I'm making a song! A serious song! About a game!

http://www.nikolas-sideris.com/AGS/credits23_04.mp3 (www.nikolas-sideris.com/AGS/credits23_04.mp3) (no vocals in yet and badly mixed).

But more than one people have pointed out that it reminds them of 'Glory Box' by Portishead: http://www.youtube.com/watch?v=yF-GvT8Clnk

The orchestration is *slightly* there because of the guitar and the strings.
The chord progression is *slightly* there (again) because of the beginning, though my track is more 'developed' lets say.

Do you think it's a problem?


----------



## cc64 (Apr 25, 2012)

First off Nicolas, nice track!

Secondly, you're as much in trouble with them as they are with Ray Charles(Hit the road Jack) etc...

IMO.

Sure your track is downtempo and uses the same Bass/Harmonic line but nothing there is copyrightable.

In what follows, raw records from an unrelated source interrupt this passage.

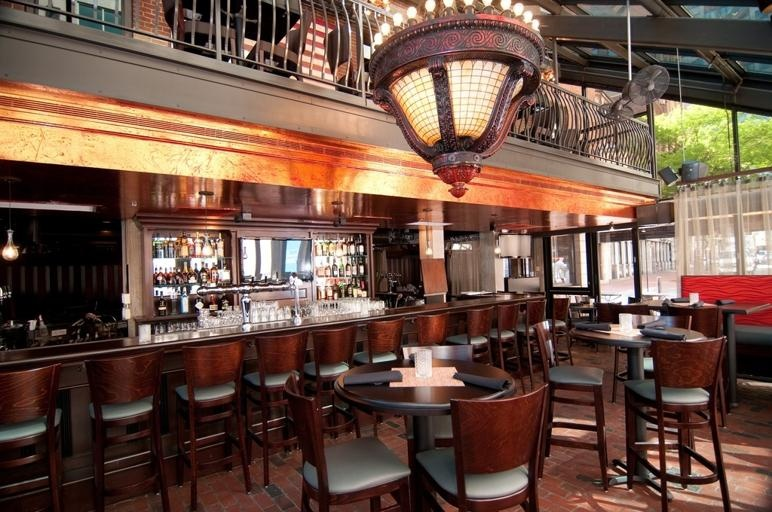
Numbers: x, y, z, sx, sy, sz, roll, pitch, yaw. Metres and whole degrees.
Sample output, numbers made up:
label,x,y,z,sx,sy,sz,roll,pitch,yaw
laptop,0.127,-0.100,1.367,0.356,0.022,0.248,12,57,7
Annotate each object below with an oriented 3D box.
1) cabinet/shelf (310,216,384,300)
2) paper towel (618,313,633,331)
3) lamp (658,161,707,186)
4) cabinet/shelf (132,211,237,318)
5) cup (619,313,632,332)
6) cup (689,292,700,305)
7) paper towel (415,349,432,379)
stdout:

I think you can sleep on both ears.

Claude


----------



## rannar (Apr 25, 2012)

I think there are enough differences in the sound and direction of development. I would not worry about it!


----------



## Mihkel Zilmer (Apr 25, 2012)

And also this:

http://www.youtube.com/watch?v=0GQjYPWDcmg

I really don't think you're in any trouble though...


----------



## nikolas (Apr 25, 2012)

Thanks Guys!

Mihkel: Nice track! ^_^


----------



## re-peat (Apr 25, 2012)

Mihkel @ Wed Apr 25 said:


> And also this:
> 
> http://www.youtube.com/watch?v=0GQjYPWDcmg
> 
> I really don't think you're in any trouble though...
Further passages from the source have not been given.